L’8 marzo del 2001, vent’anni fa, Casa Gabriela nasceva da un incontro: quello con Gabriela, appunto, una ragazza moldava giunta a Torino con il marito con l’utopia di un lavoro. Ingannata, in realtà, perché Gabriela era stata venduta già in partenza a quelli che sarebbero stati i suoi sfruttatori: tradita da quelli che credeva i suoi affetti, da suo marito, da sua suocera. La donna denuncia tutto alla questura e grazie alla polizia viene in contatto con il Gruppo Abele, protetta in una struttura appena fuori dalla città. In quel momento, con quel gesto, di accogliere una ragazza senza null’altro che i vestiti che aveva addosso e neppure un ricambio, nasce Casa Gabriela. La storia di Gabriela non avrà poi un lieto fine, come troppe storie simili alla sua. Un giorno la donna scompare e di lei non si saprà altro. Da quel primo incontro, però, nasce un’idea consapevole: quella di voler sostenere i sussulti di dignità come quello che aveva portato Gabriela fino al Gruppo Abele. Ed ecco la comunità di fuga per donne vittime di tratta: un luogo in cui le persone che scelgono di emanciparsi dalla strada possano avere il tempo e lo spazio per prendere consapevolezza della loro scelta, uno spazio che serve per prendere forma.

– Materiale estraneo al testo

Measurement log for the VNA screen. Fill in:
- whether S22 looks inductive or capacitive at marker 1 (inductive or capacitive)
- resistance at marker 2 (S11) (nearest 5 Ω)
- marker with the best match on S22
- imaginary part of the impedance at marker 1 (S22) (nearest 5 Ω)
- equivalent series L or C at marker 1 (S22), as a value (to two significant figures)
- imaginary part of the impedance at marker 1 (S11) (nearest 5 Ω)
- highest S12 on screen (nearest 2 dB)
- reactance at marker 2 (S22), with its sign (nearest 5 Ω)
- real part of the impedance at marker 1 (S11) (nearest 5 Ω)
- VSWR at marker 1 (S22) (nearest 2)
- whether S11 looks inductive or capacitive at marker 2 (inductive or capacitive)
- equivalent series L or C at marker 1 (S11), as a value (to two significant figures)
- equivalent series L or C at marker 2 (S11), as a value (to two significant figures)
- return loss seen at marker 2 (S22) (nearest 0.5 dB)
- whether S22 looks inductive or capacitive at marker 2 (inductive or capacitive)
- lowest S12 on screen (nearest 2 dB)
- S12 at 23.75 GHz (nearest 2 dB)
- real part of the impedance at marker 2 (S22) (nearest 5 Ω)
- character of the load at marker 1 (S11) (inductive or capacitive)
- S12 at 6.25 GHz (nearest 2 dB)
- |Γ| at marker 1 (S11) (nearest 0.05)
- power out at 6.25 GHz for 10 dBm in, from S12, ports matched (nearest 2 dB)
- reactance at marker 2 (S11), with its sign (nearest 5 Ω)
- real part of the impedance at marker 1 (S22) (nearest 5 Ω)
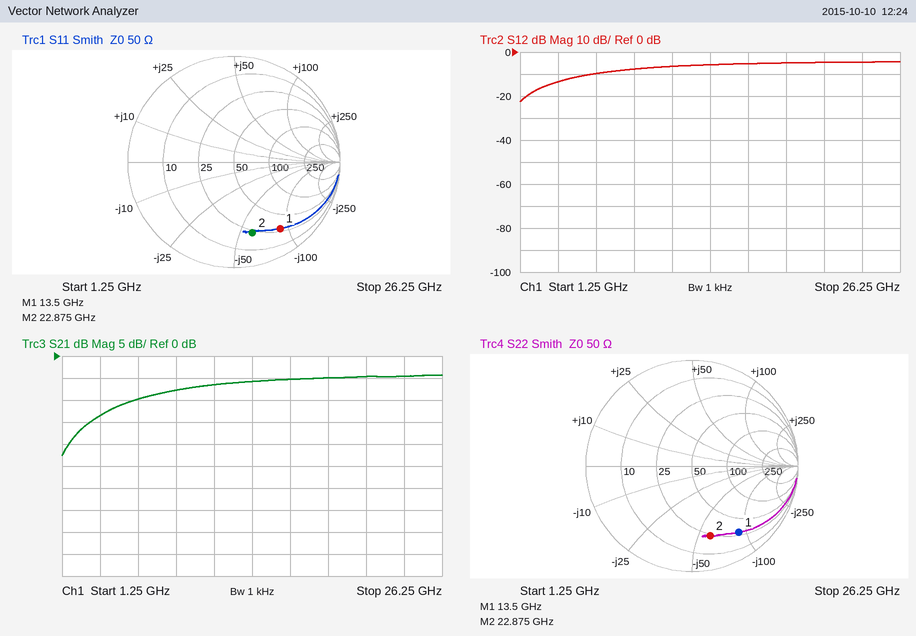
capacitive
25 Ω
marker 2
-90 Ω
130 fF
-90 Ω
-4 dB
-60 Ω
30 Ω
8
capacitive
130 fF
120 fF
3.5 dB
capacitive
-22 dB
-4 dB
25 Ω
capacitive
-10 dB
0.75
0 dBm
-60 Ω
30 Ω

Da quell’8 marzo 2001, Casa Gabriela ha accolto tante storie tra le sue mura. Negli anni sono cambiati, a periodi alterni, gli accenti del vociare che riempiono i luoghi comuni, le nazionalità, i vissuti delle persone accolte ma soprattutto l’età. Le ospiti che oggi abitano la comunità sono sempre più giovani: sanno bene che cosa non vogliono più fare – stare sul marciapiede – ma sono confuse su cosa desiderano per il futuro. Il loro progetto migratorio non è chiaro, non lo era fin dall’inizio. Spesso abbandonate dalle famiglie, nei loro Paesi d’origine non hanno potuto sperimentarsi in un percorso scolastico, in una relazione affettiva sana. Proprio per questo, oggi, forse più che ieri, alla nostra comunità è richiesto di essere casa. Perché le persone ci chiedono, spesso, di essere i loro punti di riferimento, la loro famiglia.
Non sempre è facile: trasformare l’edificio in una casa, l’accoglienza in uno strumento capace di allargare gli orizzonti. Non è facile perché alla difficoltà di ricostruire un’identità frammentata e una progettualità confusa per le persone che incontriamo, si aggiungono le sfide della convivenza quotidiana tra persone di culture diverse. Questo incontro interculturale ricorda a noi operatori l’importanza di modificare continuamente le proposte che il progetto fa alle persone che accoglie, disegnandole sui loro desideri e interrogandoci su quali siano gli strumenti migliori per accompagnarle verso l’autonomia. Un’autonomia che riguarda tanti aspetti che vanno oltre il distacco dalla rete criminale: domandarsi con loro cosa significhi essere donna, riflettendo quale modello, inconsapevolmente, spesso esse tendono a riproporre nonostante le schiacci e tolga loro la libertà; interrogarsi sull’importanza della costanza nel perseguire i propri desideri, nello “stare” nelle decisioni e nelle scelte prese anche quando è faticoso, superando quell’attaccamento alla vita che, tante volte, si traduce per loro in una enorme gratitudine in un presente che è vita ma non riesce ad andare oltre.
Oggi come vent’anni fa, stiamo lì. Stiamo nel vociare chiassoso del quotidiano, nella difficoltà che proviamo quando alcune scelte ci sembrano incomprensibili, nella fatica dei silenzi dolorosi ma soprattutto nella vostra speranza, inesauribile, che esista sempre un domani migliore. Tanti auguri casa Gabriela!